* **Exercise objective**
An exact reprint of every record below is required, with the pictures left out.

(Stored entries)
========

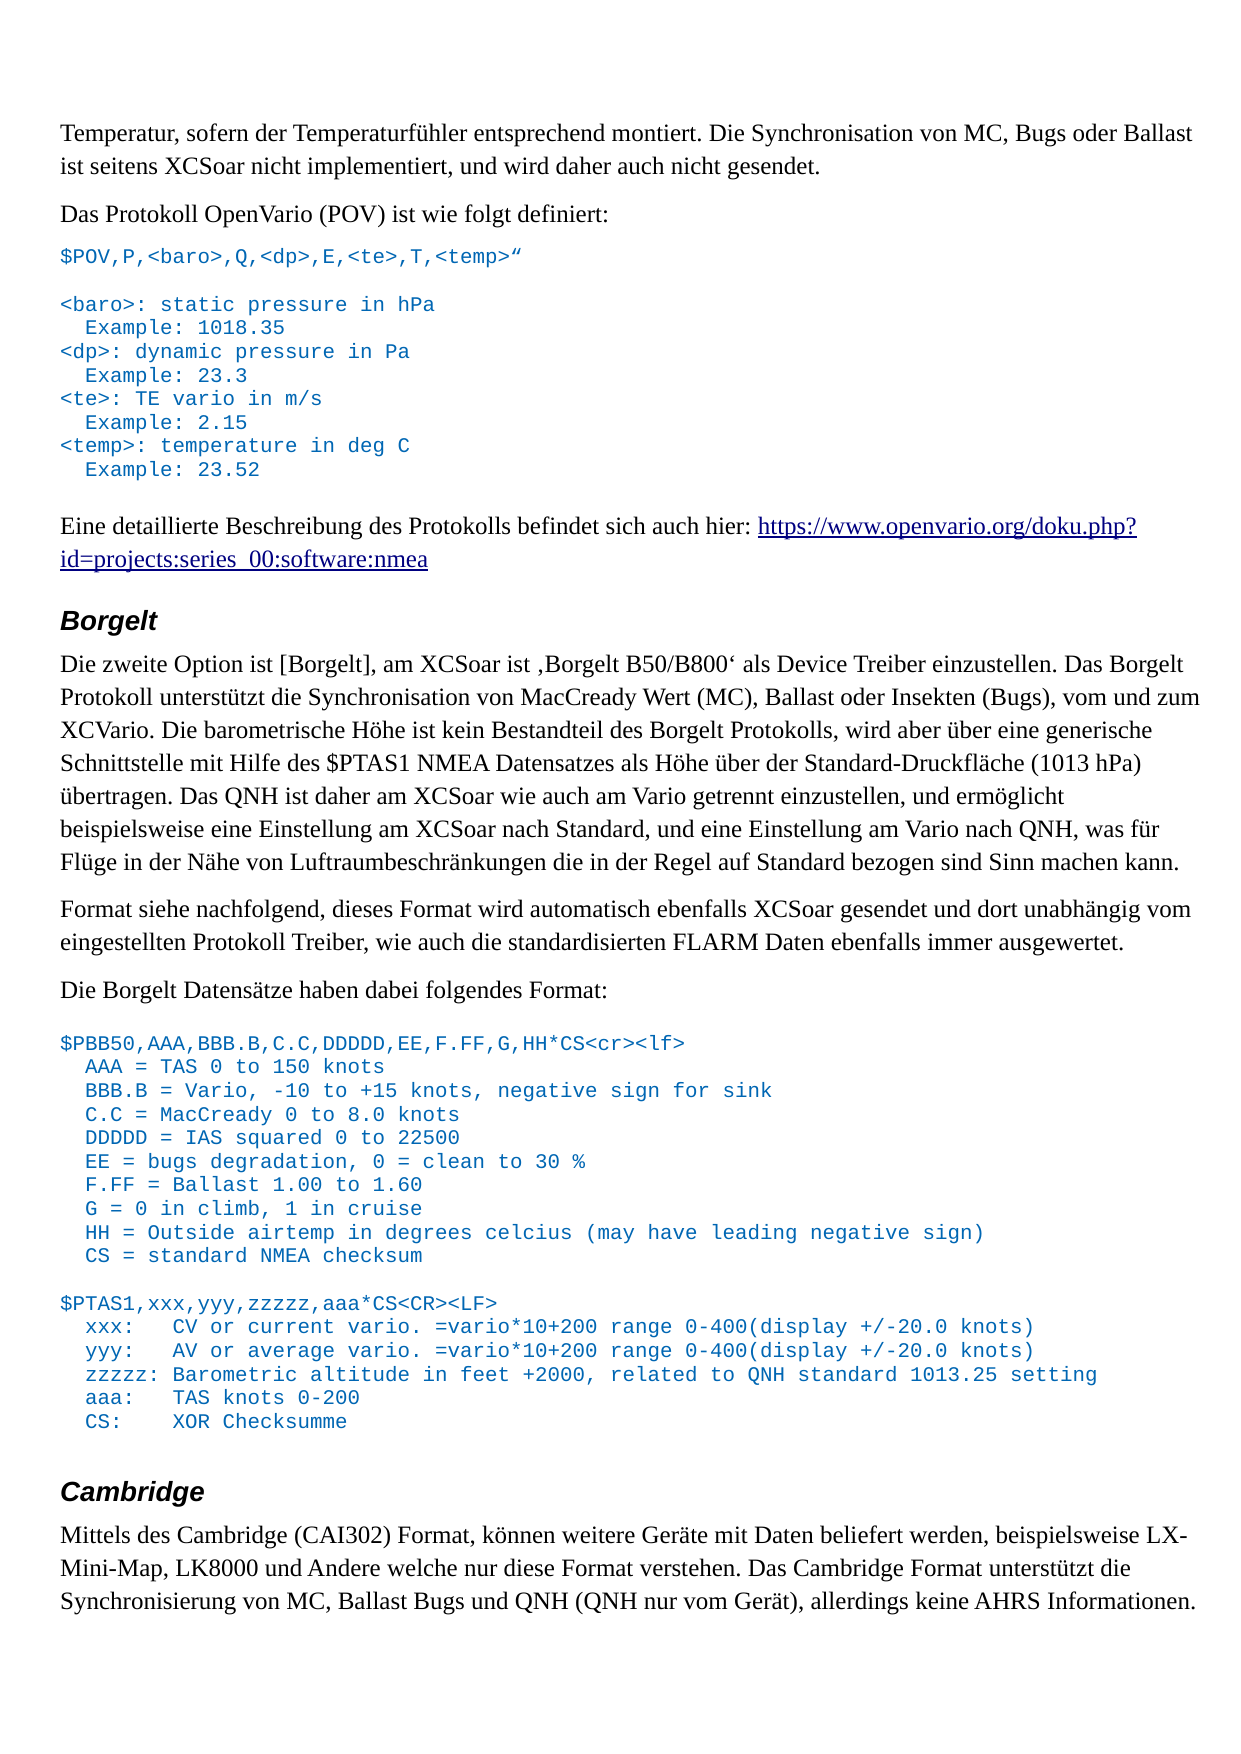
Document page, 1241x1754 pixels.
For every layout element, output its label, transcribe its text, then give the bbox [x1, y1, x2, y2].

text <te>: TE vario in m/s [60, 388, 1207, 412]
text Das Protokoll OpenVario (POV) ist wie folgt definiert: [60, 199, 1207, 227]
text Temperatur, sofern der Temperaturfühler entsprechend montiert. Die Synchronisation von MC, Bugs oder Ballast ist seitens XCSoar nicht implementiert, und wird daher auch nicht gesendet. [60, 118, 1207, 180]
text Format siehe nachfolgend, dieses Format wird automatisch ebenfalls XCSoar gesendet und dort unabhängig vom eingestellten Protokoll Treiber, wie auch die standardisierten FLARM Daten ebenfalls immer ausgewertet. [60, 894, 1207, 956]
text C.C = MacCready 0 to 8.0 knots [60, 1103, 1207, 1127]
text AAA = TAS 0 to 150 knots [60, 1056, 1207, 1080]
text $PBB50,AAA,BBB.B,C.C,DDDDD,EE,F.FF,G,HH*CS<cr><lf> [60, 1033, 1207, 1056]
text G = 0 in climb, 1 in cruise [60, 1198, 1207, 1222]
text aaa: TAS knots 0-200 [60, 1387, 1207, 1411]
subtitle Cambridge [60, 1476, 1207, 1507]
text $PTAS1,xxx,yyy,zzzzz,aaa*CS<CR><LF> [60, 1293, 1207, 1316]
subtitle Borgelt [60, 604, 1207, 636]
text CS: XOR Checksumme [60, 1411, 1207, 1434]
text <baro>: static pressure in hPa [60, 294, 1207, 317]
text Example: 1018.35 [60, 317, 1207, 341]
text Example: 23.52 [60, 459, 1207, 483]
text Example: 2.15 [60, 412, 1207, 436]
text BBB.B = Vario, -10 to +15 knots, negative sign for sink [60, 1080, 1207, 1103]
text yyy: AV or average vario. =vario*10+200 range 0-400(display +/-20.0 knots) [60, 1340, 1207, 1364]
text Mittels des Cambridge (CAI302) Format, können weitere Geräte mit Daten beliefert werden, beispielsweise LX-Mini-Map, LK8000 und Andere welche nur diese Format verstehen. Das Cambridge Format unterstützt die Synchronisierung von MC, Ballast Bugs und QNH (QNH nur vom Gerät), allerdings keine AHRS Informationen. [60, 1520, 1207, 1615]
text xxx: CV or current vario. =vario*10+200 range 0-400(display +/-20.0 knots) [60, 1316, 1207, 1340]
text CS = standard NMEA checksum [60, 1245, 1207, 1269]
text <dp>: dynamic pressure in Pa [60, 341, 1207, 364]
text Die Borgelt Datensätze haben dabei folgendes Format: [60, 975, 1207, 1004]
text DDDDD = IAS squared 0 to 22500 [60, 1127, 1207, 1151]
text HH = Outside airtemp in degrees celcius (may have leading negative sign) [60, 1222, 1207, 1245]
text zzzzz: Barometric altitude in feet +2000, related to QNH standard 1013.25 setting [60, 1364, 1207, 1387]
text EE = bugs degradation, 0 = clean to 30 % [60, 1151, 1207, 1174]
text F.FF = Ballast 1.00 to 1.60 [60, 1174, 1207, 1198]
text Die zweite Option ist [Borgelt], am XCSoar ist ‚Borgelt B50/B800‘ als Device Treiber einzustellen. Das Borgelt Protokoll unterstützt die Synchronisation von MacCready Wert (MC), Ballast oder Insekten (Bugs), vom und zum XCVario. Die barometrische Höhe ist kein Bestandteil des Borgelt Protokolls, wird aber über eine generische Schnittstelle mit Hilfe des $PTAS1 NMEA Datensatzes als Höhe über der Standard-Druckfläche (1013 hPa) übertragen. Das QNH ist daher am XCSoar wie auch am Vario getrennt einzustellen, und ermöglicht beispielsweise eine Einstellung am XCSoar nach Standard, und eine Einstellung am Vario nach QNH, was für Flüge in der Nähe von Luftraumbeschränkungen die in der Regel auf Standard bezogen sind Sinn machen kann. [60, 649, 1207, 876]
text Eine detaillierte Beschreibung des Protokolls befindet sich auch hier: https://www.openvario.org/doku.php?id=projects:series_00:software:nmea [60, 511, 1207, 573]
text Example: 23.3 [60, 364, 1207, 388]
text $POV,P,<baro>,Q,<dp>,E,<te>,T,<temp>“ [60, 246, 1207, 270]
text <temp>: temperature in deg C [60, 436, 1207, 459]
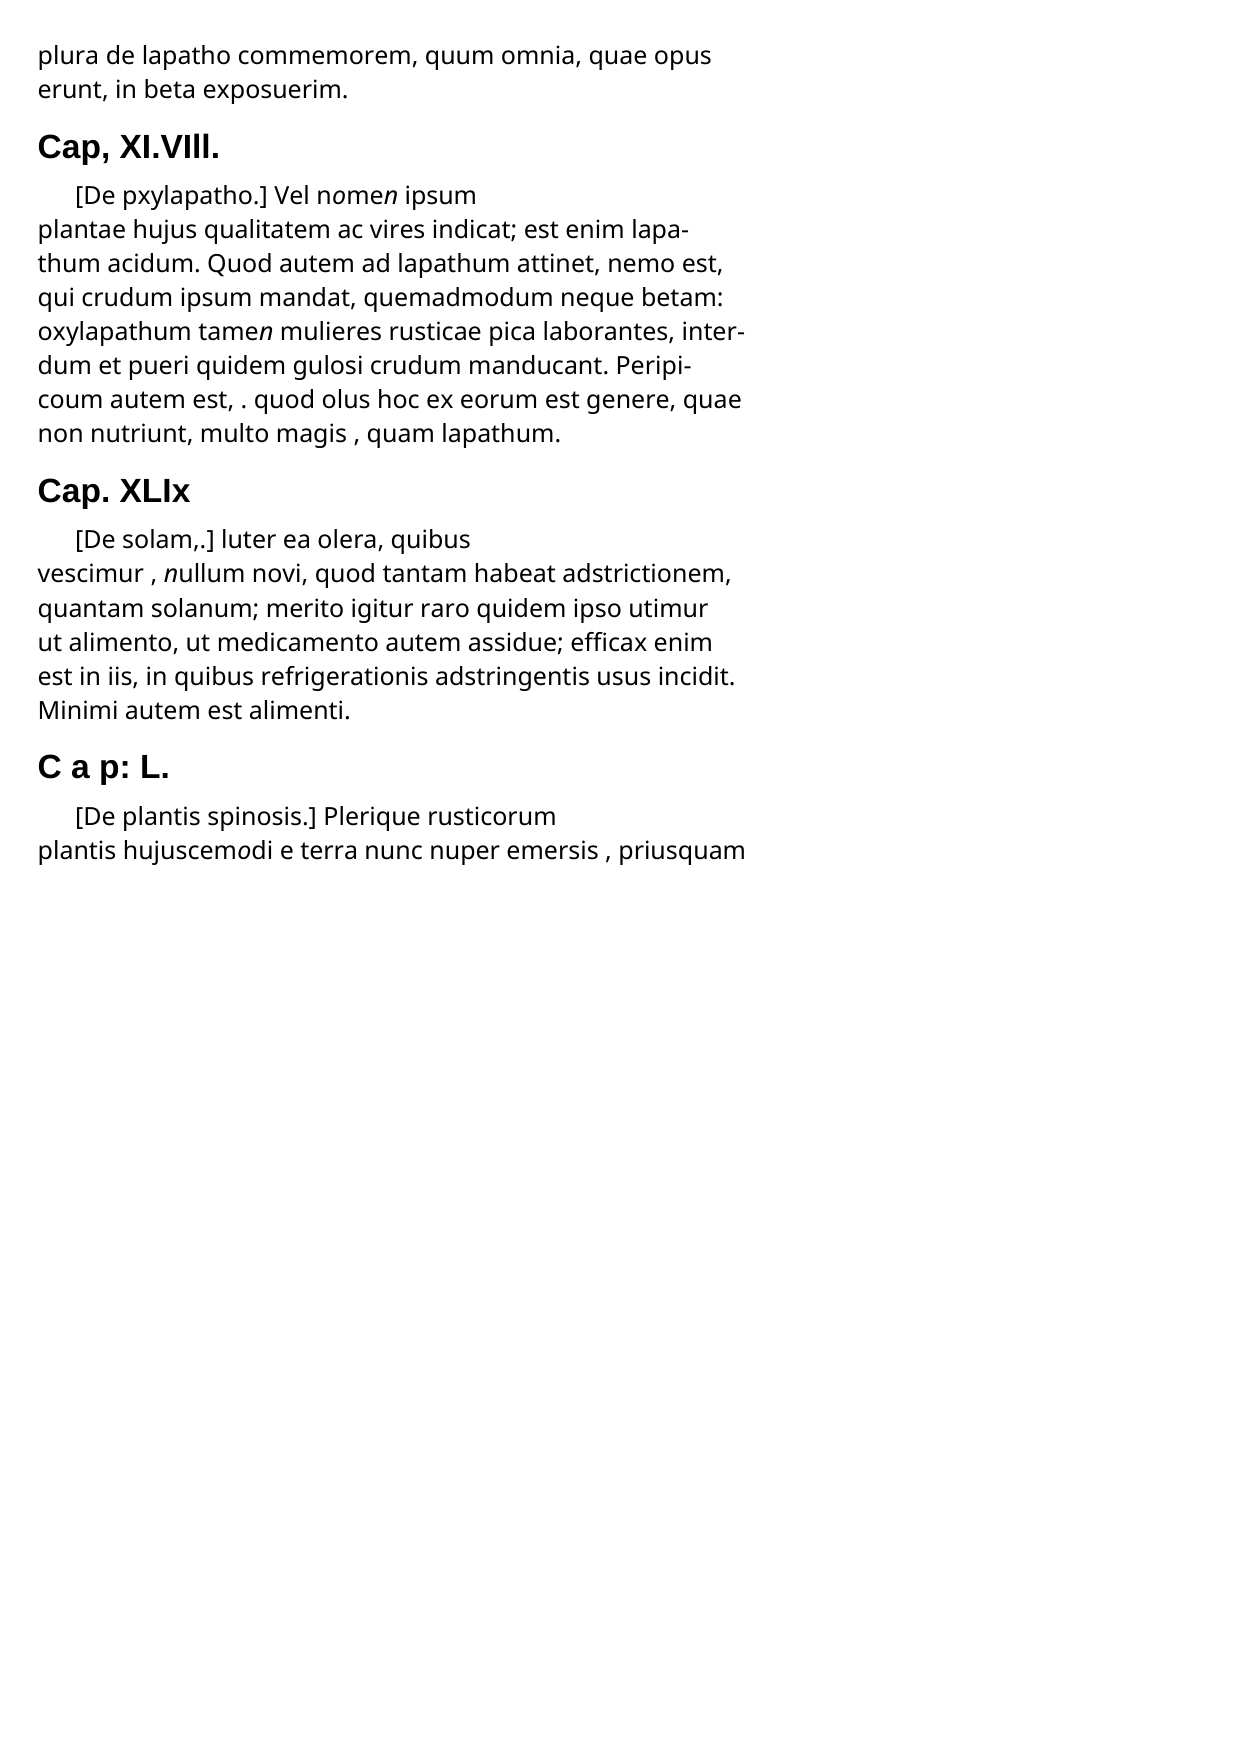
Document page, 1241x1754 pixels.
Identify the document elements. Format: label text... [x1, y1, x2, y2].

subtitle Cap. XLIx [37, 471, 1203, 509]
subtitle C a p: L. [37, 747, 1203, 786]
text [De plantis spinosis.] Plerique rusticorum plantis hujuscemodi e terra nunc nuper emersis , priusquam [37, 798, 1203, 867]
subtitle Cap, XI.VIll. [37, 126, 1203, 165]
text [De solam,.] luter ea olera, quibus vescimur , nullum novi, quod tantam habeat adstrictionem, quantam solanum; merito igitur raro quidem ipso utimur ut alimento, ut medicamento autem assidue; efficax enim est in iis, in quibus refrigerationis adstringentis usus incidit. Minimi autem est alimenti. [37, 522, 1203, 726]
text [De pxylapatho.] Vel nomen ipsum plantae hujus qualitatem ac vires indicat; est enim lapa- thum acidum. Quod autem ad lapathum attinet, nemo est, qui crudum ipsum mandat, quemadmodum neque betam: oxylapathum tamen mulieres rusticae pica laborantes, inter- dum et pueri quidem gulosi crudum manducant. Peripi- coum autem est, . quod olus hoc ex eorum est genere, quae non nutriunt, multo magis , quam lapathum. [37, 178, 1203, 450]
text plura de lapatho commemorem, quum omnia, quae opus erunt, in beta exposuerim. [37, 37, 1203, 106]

========

* **Task response**
Document page, 1241x1754 pixels.
For every layout element, output its label, transcribe its text, then give the bbox [x1, y1, x2, y2].

text <te>: TE vario in m/s [60, 388, 1207, 412]
text Das Protokoll OpenVario (POV) ist wie folgt definiert: [60, 199, 1207, 227]
text Temperatur, sofern der Temperaturfühler entsprechend montiert. Die Synchronisation von MC, Bugs oder Ballast ist seitens XCSoar nicht implementiert, und wird daher auch nicht gesendet. [60, 118, 1207, 180]
text Format siehe nachfolgend, dieses Format wird automatisch ebenfalls XCSoar gesendet und dort unabhängig vom eingestellten Protokoll Treiber, wie auch die standardisierten FLARM Daten ebenfalls immer ausgewertet. [60, 894, 1207, 956]
text C.C = MacCready 0 to 8.0 knots [60, 1103, 1207, 1127]
text AAA = TAS 0 to 150 knots [60, 1056, 1207, 1080]
text $PBB50,AAA,BBB.B,C.C,DDDDD,EE,F.FF,G,HH*CS<cr><lf> [60, 1033, 1207, 1056]
text G = 0 in climb, 1 in cruise [60, 1198, 1207, 1222]
text aaa: TAS knots 0-200 [60, 1387, 1207, 1411]
subtitle Cambridge [60, 1476, 1207, 1507]
text $PTAS1,xxx,yyy,zzzzz,aaa*CS<CR><LF> [60, 1293, 1207, 1316]
subtitle Borgelt [60, 604, 1207, 636]
text CS: XOR Checksumme [60, 1411, 1207, 1434]
text <baro>: static pressure in hPa [60, 294, 1207, 317]
text Example: 1018.35 [60, 317, 1207, 341]
text Example: 23.52 [60, 459, 1207, 483]
text Example: 2.15 [60, 412, 1207, 436]
text BBB.B = Vario, -10 to +15 knots, negative sign for sink [60, 1080, 1207, 1103]
text yyy: AV or average vario. =vario*10+200 range 0-400(display +/-20.0 knots) [60, 1340, 1207, 1364]
text Mittels des Cambridge (CAI302) Format, können weitere Geräte mit Daten beliefert werden, beispielsweise LX-Mini-Map, LK8000 und Andere welche nur diese Format verstehen. Das Cambridge Format unterstützt die Synchronisierung von MC, Ballast Bugs und QNH (QNH nur vom Gerät), allerdings keine AHRS Informationen. [60, 1520, 1207, 1615]
text xxx: CV or current vario. =vario*10+200 range 0-400(display +/-20.0 knots) [60, 1316, 1207, 1340]
text CS = standard NMEA checksum [60, 1245, 1207, 1269]
text <dp>: dynamic pressure in Pa [60, 341, 1207, 364]
text Die Borgelt Datensätze haben dabei folgendes Format: [60, 975, 1207, 1004]
text DDDDD = IAS squared 0 to 22500 [60, 1127, 1207, 1151]
text HH = Outside airtemp in degrees celcius (may have leading negative sign) [60, 1222, 1207, 1245]
text zzzzz: Barometric altitude in feet +2000, related to QNH standard 1013.25 setting [60, 1364, 1207, 1387]
text EE = bugs degradation, 0 = clean to 30 % [60, 1151, 1207, 1174]
text F.FF = Ballast 1.00 to 1.60 [60, 1174, 1207, 1198]
text Die zweite Option ist [Borgelt], am XCSoar ist ‚Borgelt B50/B800‘ als Device Treiber einzustellen. Das Borgelt Protokoll unterstützt die Synchronisation von MacCready Wert (MC), Ballast oder Insekten (Bugs), vom und zum XCVario. Die barometrische Höhe ist kein Bestandteil des Borgelt Protokolls, wird aber über eine generische Schnittstelle mit Hilfe des $PTAS1 NMEA Datensatzes als Höhe über der Standard-Druckfläche (1013 hPa) übertragen. Das QNH ist daher am XCSoar wie auch am Vario getrennt einzustellen, und ermöglicht beispielsweise eine Einstellung am XCSoar nach Standard, und eine Einstellung am Vario nach QNH, was für Flüge in der Nähe von Luftraumbeschränkungen die in der Regel auf Standard bezogen sind Sinn machen kann. [60, 649, 1207, 876]
text Eine detaillierte Beschreibung des Protokolls befindet sich auch hier: https://www.openvario.org/doku.php?id=projects:series_00:software:nmea [60, 511, 1207, 573]
text Example: 23.3 [60, 364, 1207, 388]
text $POV,P,<baro>,Q,<dp>,E,<te>,T,<temp>“ [60, 246, 1207, 270]
text <temp>: temperature in deg C [60, 436, 1207, 459]
Document page, 1241x1754 pixels.
Identify the document elements. Format: label text... [x1, y1, x2, y2].

subtitle Cap. XLIx [37, 471, 1203, 509]
subtitle C a p: L. [37, 747, 1203, 786]
text [De plantis spinosis.] Plerique rusticorum plantis hujuscemodi e terra nunc nuper emersis , priusquam [37, 798, 1203, 867]
subtitle Cap, XI.VIll. [37, 126, 1203, 165]
text [De solam,.] luter ea olera, quibus vescimur , nullum novi, quod tantam habeat adstrictionem, quantam solanum; merito igitur raro quidem ipso utimur ut alimento, ut medicamento autem assidue; efficax enim est in iis, in quibus refrigerationis adstringentis usus incidit. Minimi autem est alimenti. [37, 522, 1203, 726]
text [De pxylapatho.] Vel nomen ipsum plantae hujus qualitatem ac vires indicat; est enim lapa- thum acidum. Quod autem ad lapathum attinet, nemo est, qui crudum ipsum mandat, quemadmodum neque betam: oxylapathum tamen mulieres rusticae pica laborantes, inter- dum et pueri quidem gulosi crudum manducant. Peripi- coum autem est, . quod olus hoc ex eorum est genere, quae non nutriunt, multo magis , quam lapathum. [37, 178, 1203, 450]
text plura de lapatho commemorem, quum omnia, quae opus erunt, in beta exposuerim. [37, 37, 1203, 106]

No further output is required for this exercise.